**Exercise aim**
All lines after the one containing "1.126 0.194 2.373", together with that line itself, should be written out exactly, down to the last line of the entries below.

**Material to process**
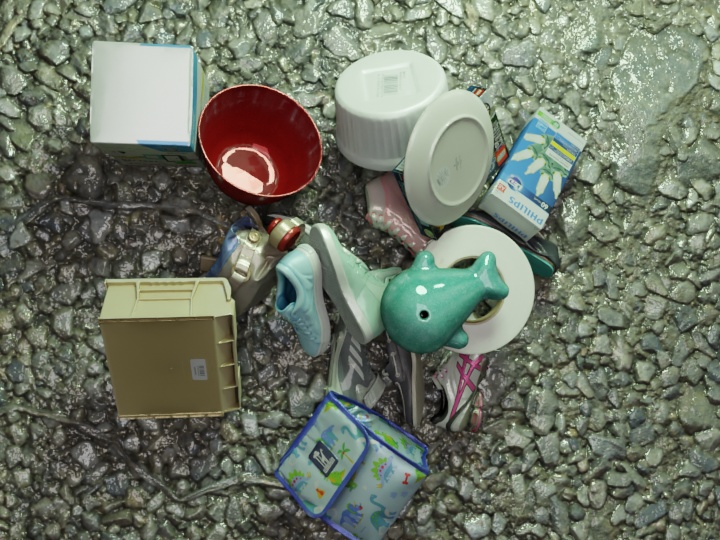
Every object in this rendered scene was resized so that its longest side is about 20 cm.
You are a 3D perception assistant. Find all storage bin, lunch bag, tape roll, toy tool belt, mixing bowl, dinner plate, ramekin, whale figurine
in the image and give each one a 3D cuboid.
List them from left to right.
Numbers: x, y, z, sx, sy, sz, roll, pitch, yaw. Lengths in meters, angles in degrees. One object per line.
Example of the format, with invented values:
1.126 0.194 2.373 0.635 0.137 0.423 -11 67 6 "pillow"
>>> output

**Expected answer**
1.126 0.194 2.373 0.635 0.137 0.423 -11 67 6 "pillow"
>>> output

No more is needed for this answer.